## How to complete this task
Output every entry exactly as written, but omit the pictures.

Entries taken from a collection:
#####
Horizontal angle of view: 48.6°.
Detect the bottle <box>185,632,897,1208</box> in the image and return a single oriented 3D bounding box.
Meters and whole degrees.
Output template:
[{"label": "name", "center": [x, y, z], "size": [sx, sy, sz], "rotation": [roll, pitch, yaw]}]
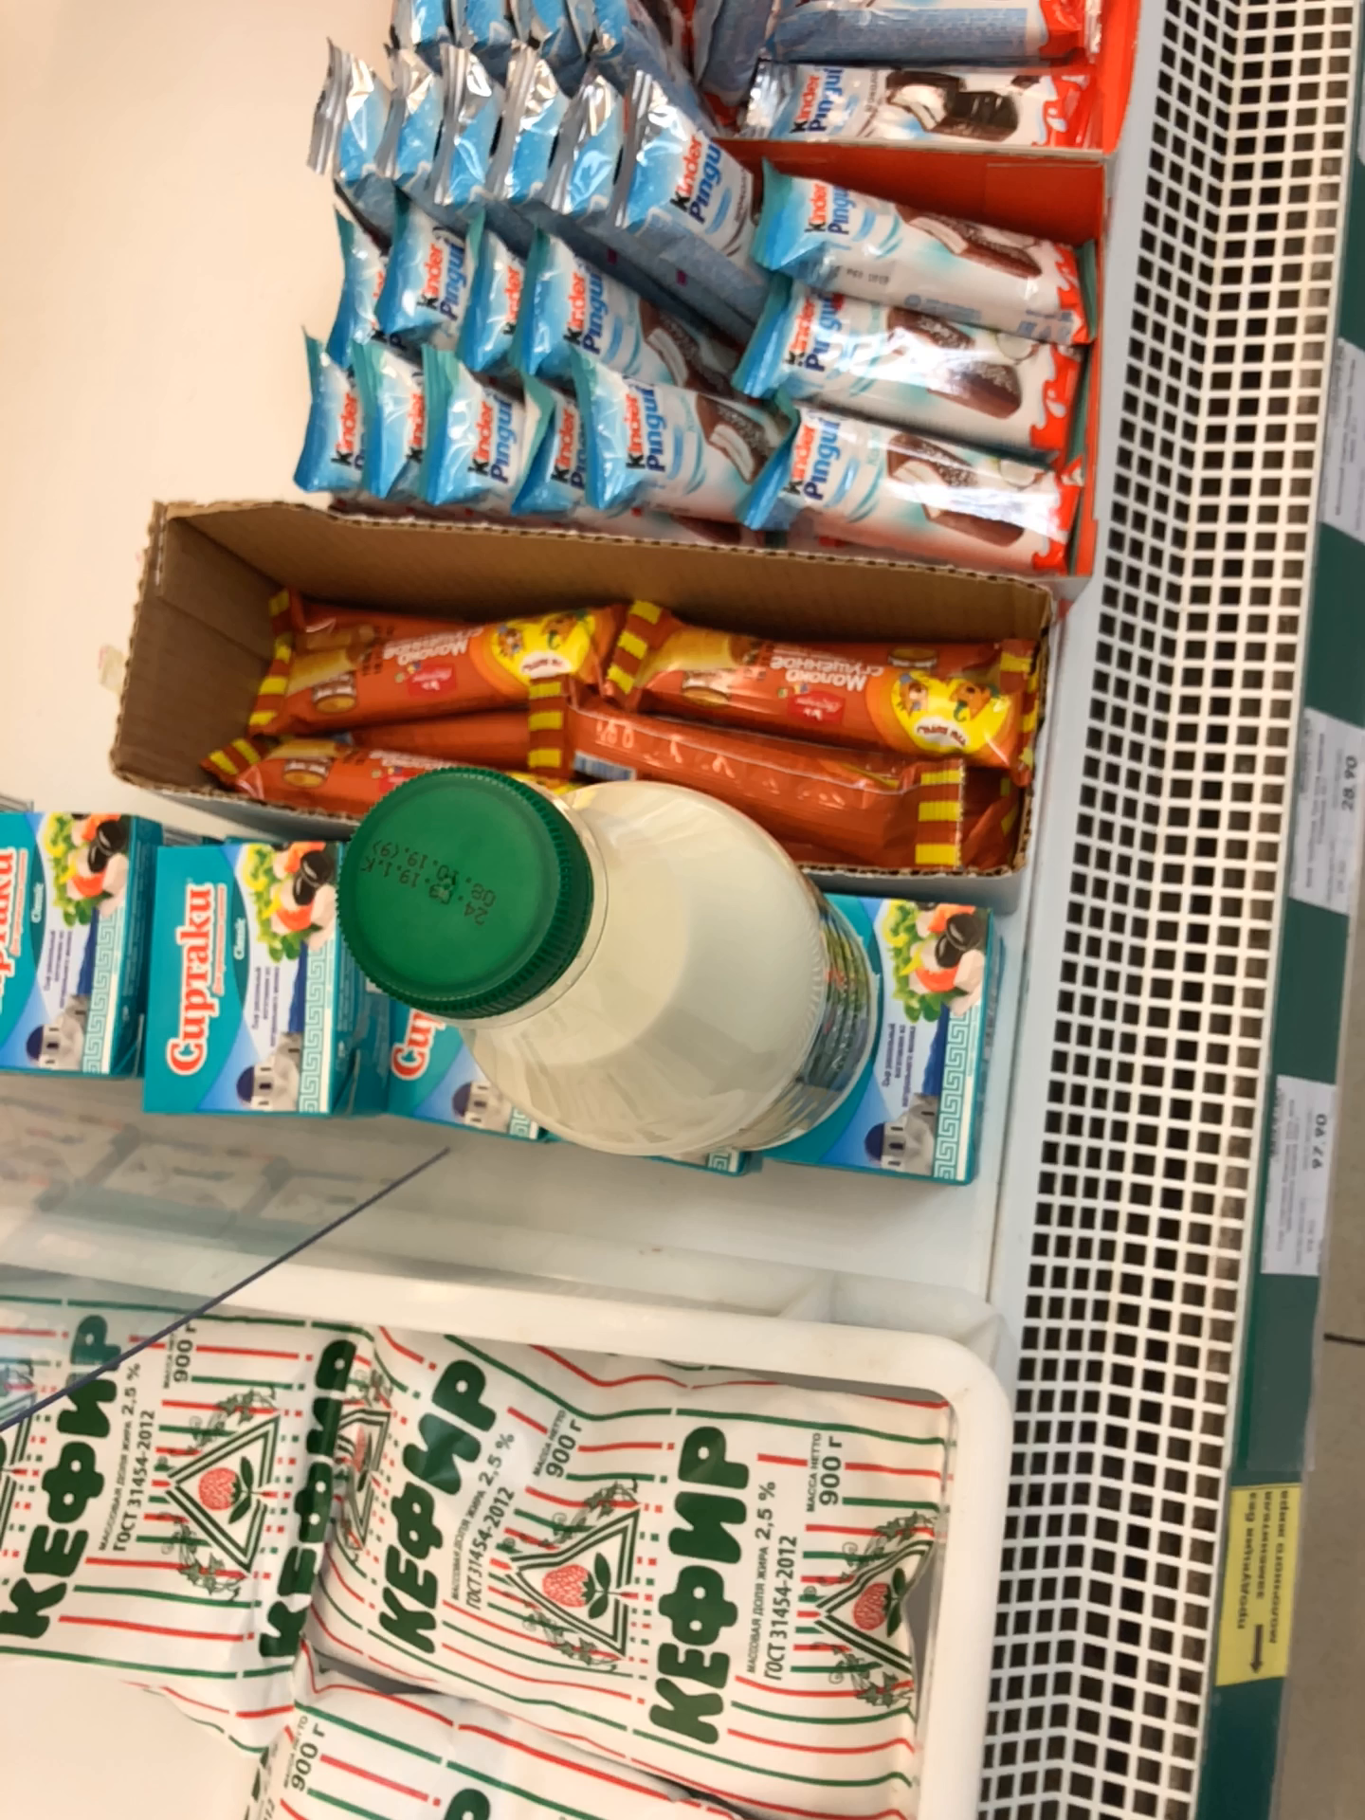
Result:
[{"label": "bottle", "center": [-0.008, 0.016, 0.358], "size": [0.085, 0.239, 0.081], "rotation": [-2, 82, 12]}]
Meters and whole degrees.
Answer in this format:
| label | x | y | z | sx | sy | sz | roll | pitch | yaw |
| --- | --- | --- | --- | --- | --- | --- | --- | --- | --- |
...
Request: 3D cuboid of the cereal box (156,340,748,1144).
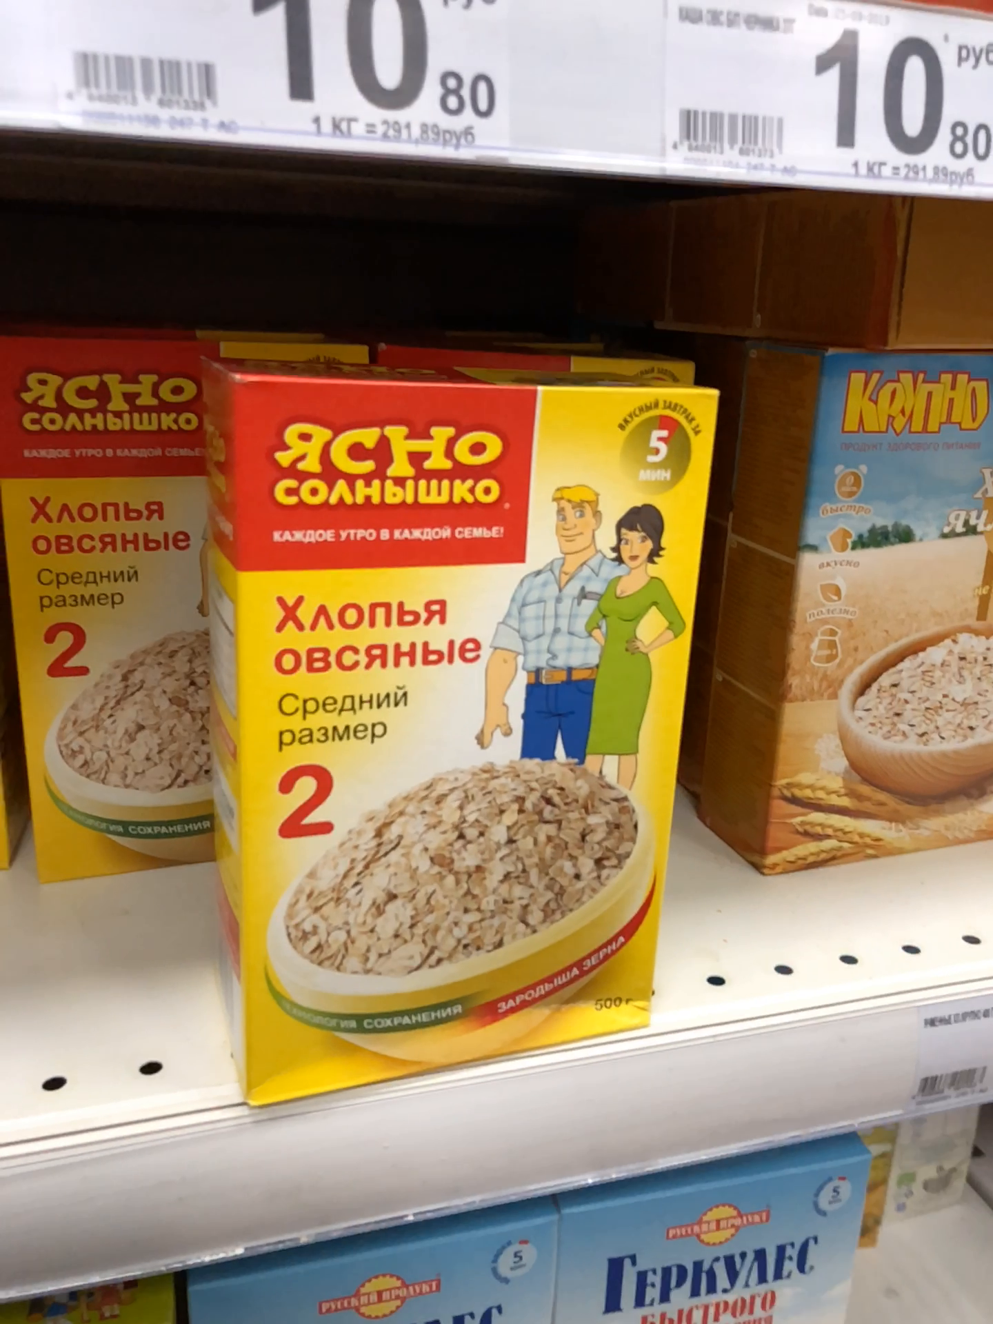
| label | x | y | z | sx | sy | sz | roll | pitch | yaw |
| --- | --- | --- | --- | --- | --- | --- | --- | --- | --- |
| cereal box | -0.017 | 0.015 | 0.295 | 0.130 | 0.189 | 0.070 | -4 | 19 | -18 |
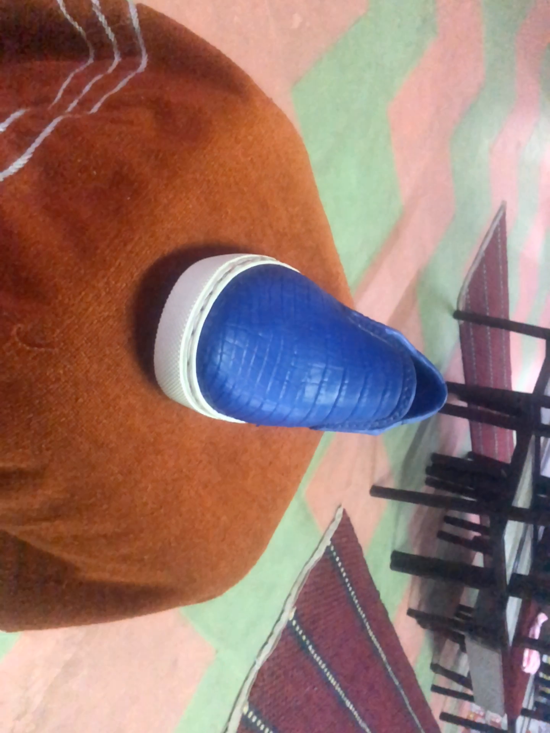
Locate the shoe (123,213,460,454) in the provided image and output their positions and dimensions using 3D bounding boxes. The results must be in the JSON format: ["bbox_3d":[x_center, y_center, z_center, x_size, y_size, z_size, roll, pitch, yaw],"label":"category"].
[{"bbox_3d":[0.042,-0.007,0.427,0.302,0.079,0.110,10,91,-59],"label":"shoe"}]
#####
## Result below
Horizontal angle of view: 48.6°.
Detect the bottle <box>185,632,897,1208</box> in the image and return a single oriented 3D bounding box.
Meters and whole degrees.
Output template:
[{"label": "name", "center": [x, y, z], "size": [sx, sy, sz], "rotation": [roll, pitch, yaw]}]
Result:
[{"label": "bottle", "center": [-0.008, 0.016, 0.358], "size": [0.085, 0.239, 0.081], "rotation": [-2, 82, 12]}]
Meters and whole degrees.
Answer in this format:
| label | x | y | z | sx | sy | sz | roll | pitch | yaw |
| --- | --- | --- | --- | --- | --- | --- | --- | --- | --- |
...
Request: 3D cuboid of the cereal box (156,340,748,1144).
| label | x | y | z | sx | sy | sz | roll | pitch | yaw |
| --- | --- | --- | --- | --- | --- | --- | --- | --- | --- |
| cereal box | -0.017 | 0.015 | 0.295 | 0.130 | 0.189 | 0.070 | -4 | 19 | -18 |
Locate the shoe (123,213,460,454) in the provided image and output their positions and dimensions using 3D bounding boxes. The results must be in the JSON format: ["bbox_3d":[x_center, y_center, z_center, x_size, y_size, z_size, roll, pitch, yaw],"label":"category"].
[{"bbox_3d":[0.042,-0.007,0.427,0.302,0.079,0.110,10,91,-59],"label":"shoe"}]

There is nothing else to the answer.